What to produce: Please copy the records exactly as they appear, with all pictures left out.

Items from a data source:
□ □ □ □ □

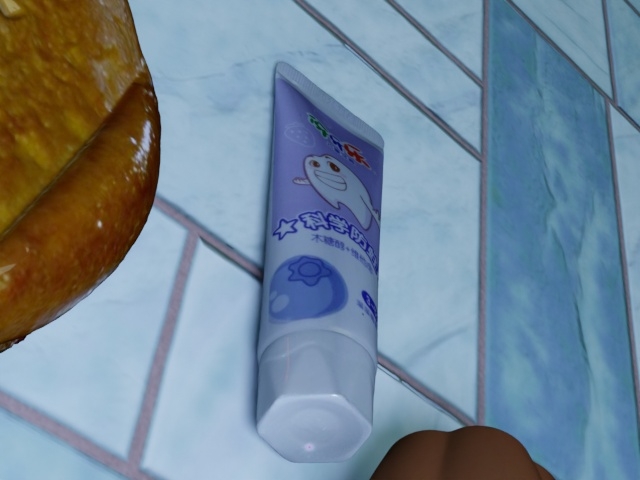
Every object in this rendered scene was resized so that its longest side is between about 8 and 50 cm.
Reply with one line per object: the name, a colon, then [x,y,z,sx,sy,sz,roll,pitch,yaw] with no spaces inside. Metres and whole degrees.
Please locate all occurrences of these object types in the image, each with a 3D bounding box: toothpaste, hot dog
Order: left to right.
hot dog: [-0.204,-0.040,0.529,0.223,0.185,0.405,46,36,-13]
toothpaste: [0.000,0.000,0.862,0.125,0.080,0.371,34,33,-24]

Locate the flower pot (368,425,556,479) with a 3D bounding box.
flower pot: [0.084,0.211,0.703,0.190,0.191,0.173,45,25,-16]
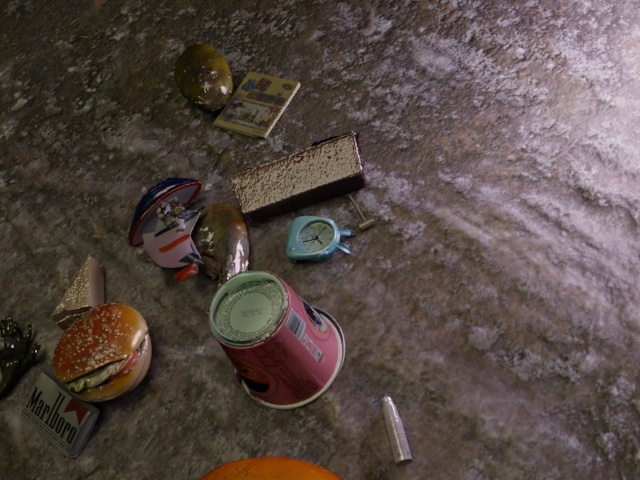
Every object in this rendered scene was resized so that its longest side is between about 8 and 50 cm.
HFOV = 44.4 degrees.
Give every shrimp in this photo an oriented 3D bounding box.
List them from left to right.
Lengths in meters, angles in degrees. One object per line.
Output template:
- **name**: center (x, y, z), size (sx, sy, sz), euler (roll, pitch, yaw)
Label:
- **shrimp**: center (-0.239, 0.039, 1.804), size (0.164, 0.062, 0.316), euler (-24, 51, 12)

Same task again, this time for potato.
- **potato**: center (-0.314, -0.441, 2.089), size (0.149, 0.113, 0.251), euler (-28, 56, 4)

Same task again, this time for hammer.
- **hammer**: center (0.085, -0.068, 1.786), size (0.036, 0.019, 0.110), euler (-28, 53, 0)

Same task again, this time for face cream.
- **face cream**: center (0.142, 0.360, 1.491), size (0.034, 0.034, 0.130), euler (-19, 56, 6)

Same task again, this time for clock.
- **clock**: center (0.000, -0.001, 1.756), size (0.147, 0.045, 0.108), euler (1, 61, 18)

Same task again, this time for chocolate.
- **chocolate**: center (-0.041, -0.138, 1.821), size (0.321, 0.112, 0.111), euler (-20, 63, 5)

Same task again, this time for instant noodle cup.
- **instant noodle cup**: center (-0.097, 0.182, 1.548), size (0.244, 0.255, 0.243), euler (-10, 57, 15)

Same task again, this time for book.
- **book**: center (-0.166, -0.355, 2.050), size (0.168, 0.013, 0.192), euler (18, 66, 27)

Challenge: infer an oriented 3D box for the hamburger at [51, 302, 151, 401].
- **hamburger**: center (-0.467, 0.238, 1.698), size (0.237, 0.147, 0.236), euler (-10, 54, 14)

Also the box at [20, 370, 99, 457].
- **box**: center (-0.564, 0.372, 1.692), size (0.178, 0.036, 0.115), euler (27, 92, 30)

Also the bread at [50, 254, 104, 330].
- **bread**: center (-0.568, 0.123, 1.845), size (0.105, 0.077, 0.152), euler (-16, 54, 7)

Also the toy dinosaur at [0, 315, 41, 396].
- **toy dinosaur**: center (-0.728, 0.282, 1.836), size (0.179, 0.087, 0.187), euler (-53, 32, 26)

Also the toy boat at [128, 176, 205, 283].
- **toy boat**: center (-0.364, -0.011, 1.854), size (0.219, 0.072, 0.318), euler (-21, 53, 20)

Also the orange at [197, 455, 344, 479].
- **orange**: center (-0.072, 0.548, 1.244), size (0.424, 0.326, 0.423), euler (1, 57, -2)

□ □ □ □ □

Finished exercise:
Every object in this rendered scene was resized so that its longest side is between about 8 and 50 cm.
Reply with one line per object: the name, a colon, then [x,y,z,sx,sy,sz,roll,pitch,yaw] with no spaces inside. Metres and whole degrees.
Please locate all occurrences of these object types in the image, each with a 3D bounding box: toothpaste, hot dog
Order: left to right.
hot dog: [-0.204,-0.040,0.529,0.223,0.185,0.405,46,36,-13]
toothpaste: [0.000,0.000,0.862,0.125,0.080,0.371,34,33,-24]

Locate the flower pot (368,425,556,479) with a 3D bounding box.
flower pot: [0.084,0.211,0.703,0.190,0.191,0.173,45,25,-16]
Every object in this rendered scene was resized so that its longest side is between about 8 and 50 cm.
HFOV = 44.4 degrees.
Give every shrimp in this photo an oriented 3D bounding box.
List them from left to right.
Lengths in meters, angles in degrees. One object per line.
Output template:
- **name**: center (x, y, z), size (sx, sy, sz), euler (roll, pitch, yaw)
Label:
- **shrimp**: center (-0.239, 0.039, 1.804), size (0.164, 0.062, 0.316), euler (-24, 51, 12)

Same task again, this time for potato.
- **potato**: center (-0.314, -0.441, 2.089), size (0.149, 0.113, 0.251), euler (-28, 56, 4)

Same task again, this time for hammer.
- **hammer**: center (0.085, -0.068, 1.786), size (0.036, 0.019, 0.110), euler (-28, 53, 0)

Same task again, this time for face cream.
- **face cream**: center (0.142, 0.360, 1.491), size (0.034, 0.034, 0.130), euler (-19, 56, 6)

Same task again, this time for clock.
- **clock**: center (0.000, -0.001, 1.756), size (0.147, 0.045, 0.108), euler (1, 61, 18)

Same task again, this time for chocolate.
- **chocolate**: center (-0.041, -0.138, 1.821), size (0.321, 0.112, 0.111), euler (-20, 63, 5)

Same task again, this time for instant noodle cup.
- **instant noodle cup**: center (-0.097, 0.182, 1.548), size (0.244, 0.255, 0.243), euler (-10, 57, 15)

Same task again, this time for book.
- **book**: center (-0.166, -0.355, 2.050), size (0.168, 0.013, 0.192), euler (18, 66, 27)

Challenge: infer an oriented 3D box for the hamburger at [51, 302, 151, 401].
- **hamburger**: center (-0.467, 0.238, 1.698), size (0.237, 0.147, 0.236), euler (-10, 54, 14)

Also the box at [20, 370, 99, 457].
- **box**: center (-0.564, 0.372, 1.692), size (0.178, 0.036, 0.115), euler (27, 92, 30)

Also the bread at [50, 254, 104, 330].
- **bread**: center (-0.568, 0.123, 1.845), size (0.105, 0.077, 0.152), euler (-16, 54, 7)

Also the toy dinosaur at [0, 315, 41, 396].
- **toy dinosaur**: center (-0.728, 0.282, 1.836), size (0.179, 0.087, 0.187), euler (-53, 32, 26)

Also the toy boat at [128, 176, 205, 283].
- **toy boat**: center (-0.364, -0.011, 1.854), size (0.219, 0.072, 0.318), euler (-21, 53, 20)

Also the orange at [197, 455, 344, 479].
- **orange**: center (-0.072, 0.548, 1.244), size (0.424, 0.326, 0.423), euler (1, 57, -2)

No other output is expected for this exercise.